As shown in fig. 2, an embodiment of the present disclosure provides an apparatus for name retrieval, including: a first obtaining module 201, a second obtaining module 202, a third obtaining module 203, a fourth obtaining module 204, a fifth obtaining module 205 and a feedback module 206; the first obtaining module 201 is configured to obtain a name of a person to be retrieved, which is input by a user, and obtain a user name corresponding to the user; the second obtaining module 202 is configured to retrieve a plurality of candidate names corresponding to the names of the people to be retrieved from a preset graph database, and obtain the relevancy corresponding to each candidate name according to a preset score rule; the third obtaining module 203 is configured to obtain the number of edges between each candidate name and the user name in the graph database; the nodes of the graph database are pre-stored names, and the edges of the graph database are used for reflecting the organization relationship among the nodes; the fourth obtaining module 204 is configured to obtain an organization relationship score corresponding to each candidate name according to each number of edges; the fifth obtaining module 205 is configured to obtain the ranking weight of each candidate name according to each relevancy and each organizational relationship score; the feedback module 206 is configured to rank the candidate names according to the ranking weights, and feed back the candidate names to the user according to the ranking.

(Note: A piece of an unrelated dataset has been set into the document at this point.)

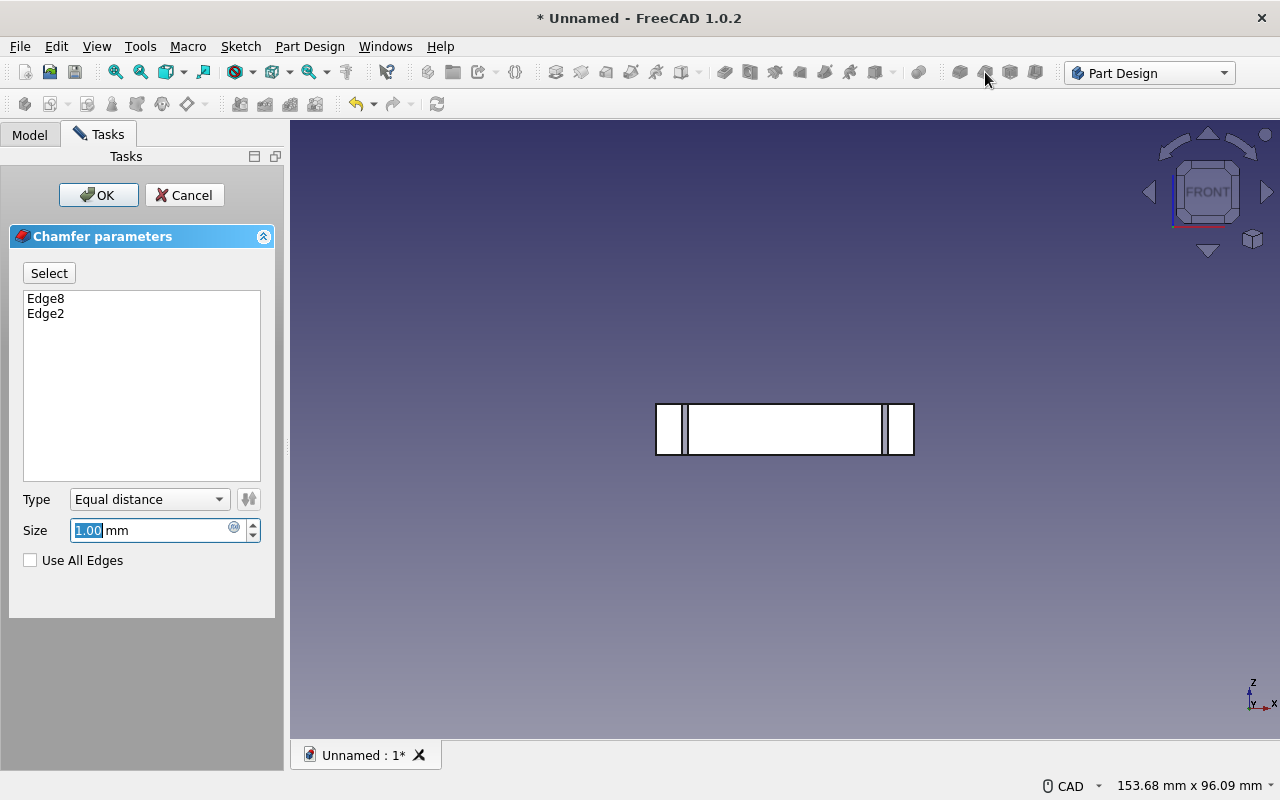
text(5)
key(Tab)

By adopting the device for searching the names, a second acquisition module is used for searching a preset graph database to obtain a plurality of alternative names corresponding to the names of the people to be searched, the correlation degree corresponding to each alternative name, a third acquisition module is used for acquiring the number of edges between each alternative name and a user name in the graph database, and a fourth acquisition module is used for respectively acquiring the organization relation scores corresponding to each alternative name according to the number of the edges; the fifth acquisition module respectively acquires the ranking weight of each candidate name according to the corresponding relevancy and organization relationship score of each candidate name; the feedback module feeds back each candidate name to the user according to the ranking weight, so that the retrieval feedback can be carried out according to the corresponding relevancy and the organizational relationship score of each candidate name under the condition that the user forgets to remember the name to be retrieved, the possibility of finding the name which the user wants to retrieve is increased, and the use experience of the user in retrieving the name is improved.

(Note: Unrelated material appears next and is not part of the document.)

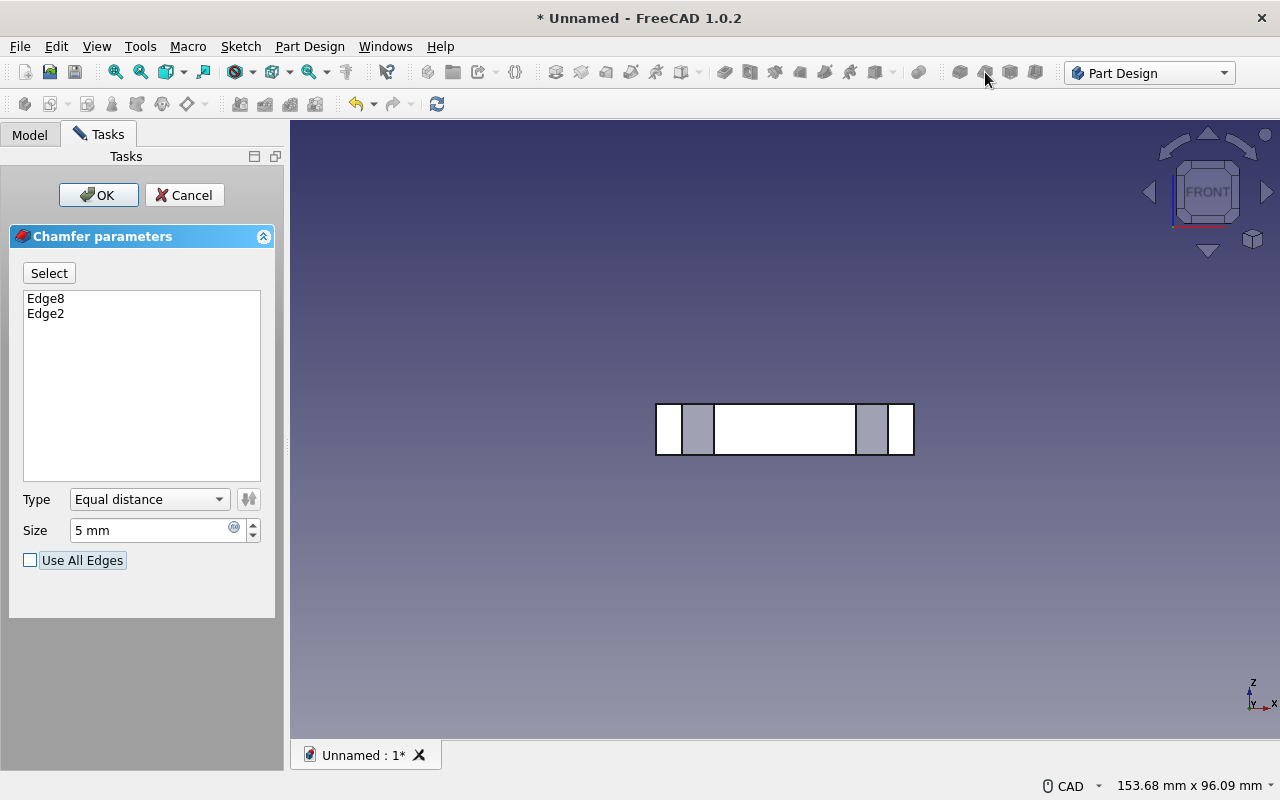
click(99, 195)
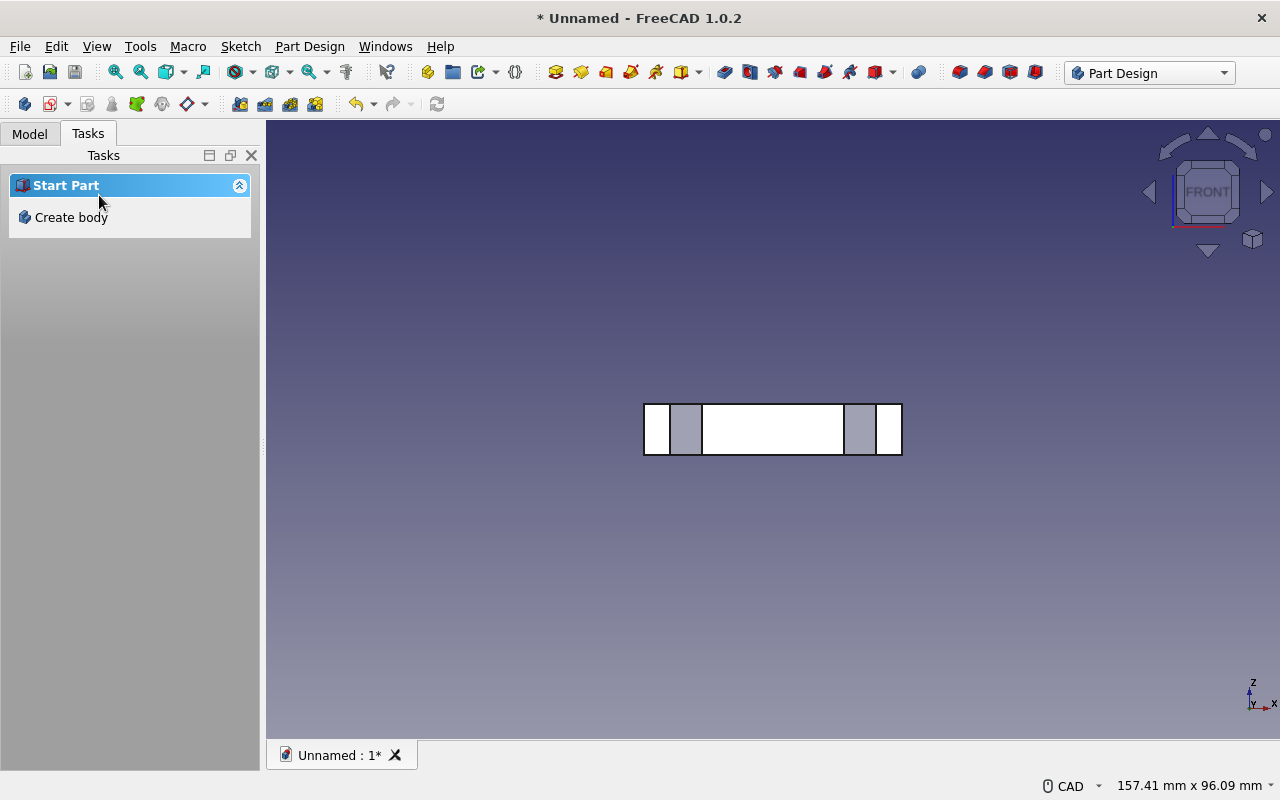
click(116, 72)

Optionally, the second obtaining module is configured to obtain the relevancy corresponding to each candidate name according to a preset score rule by the following method, including: respectively determining the number of words in each alternative name which are not matched with the name of the person to be retrieved; multiplying the number of words in each alternative name which are not matched with the name of the person to be retrieved by a preset basic score to obtain a value to be deducted of each alternative name; and respectively subtracting the score to be deducted of each candidate name by using the preset full score to obtain the corresponding relevancy of each candidate name.

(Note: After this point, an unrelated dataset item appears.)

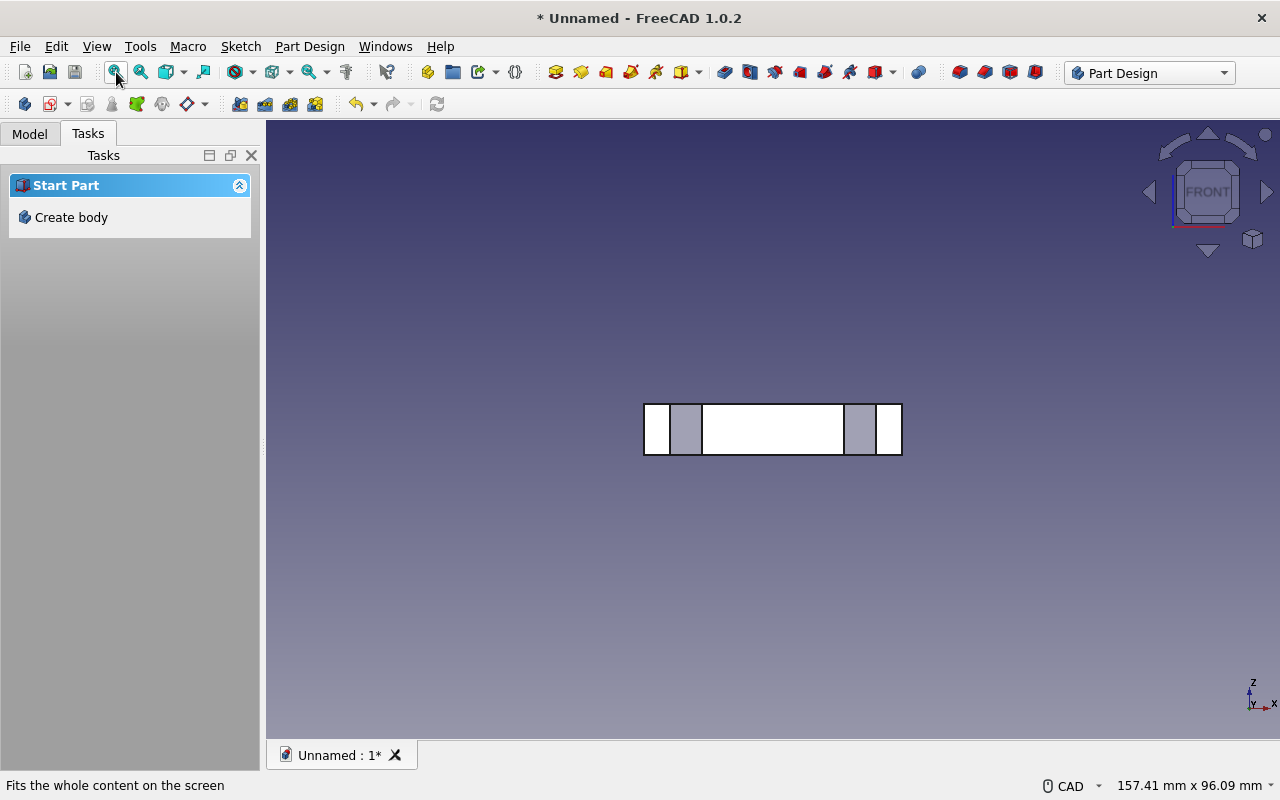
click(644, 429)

Optionally, the fourth obtaining module is configured to obtain the organization relationship score corresponding to each candidate name according to each number of edges by the following method, including: respectively acquiring preset scores corresponding to the alternative names; and respectively acquiring organization relation scores corresponding to the alternative names according to the number of the edges and the preset values.
Optionally, the fourth obtaining module is configured to obtain the preset score corresponding to each candidate name by the following manners, including: acquiring historical retrieval data of a user, respectively acquiring retrieval times corresponding to all alternative names in the historical retrieval data, and acquiring the total retrieval times of the user; dividing each retrieval frequency by the total retrieval frequency of the user to obtain the percentage of the retrieval frequency corresponding to each alternative name; and determining the percentage of the retrieval times corresponding to each candidate name as a preset score corresponding to each candidate name.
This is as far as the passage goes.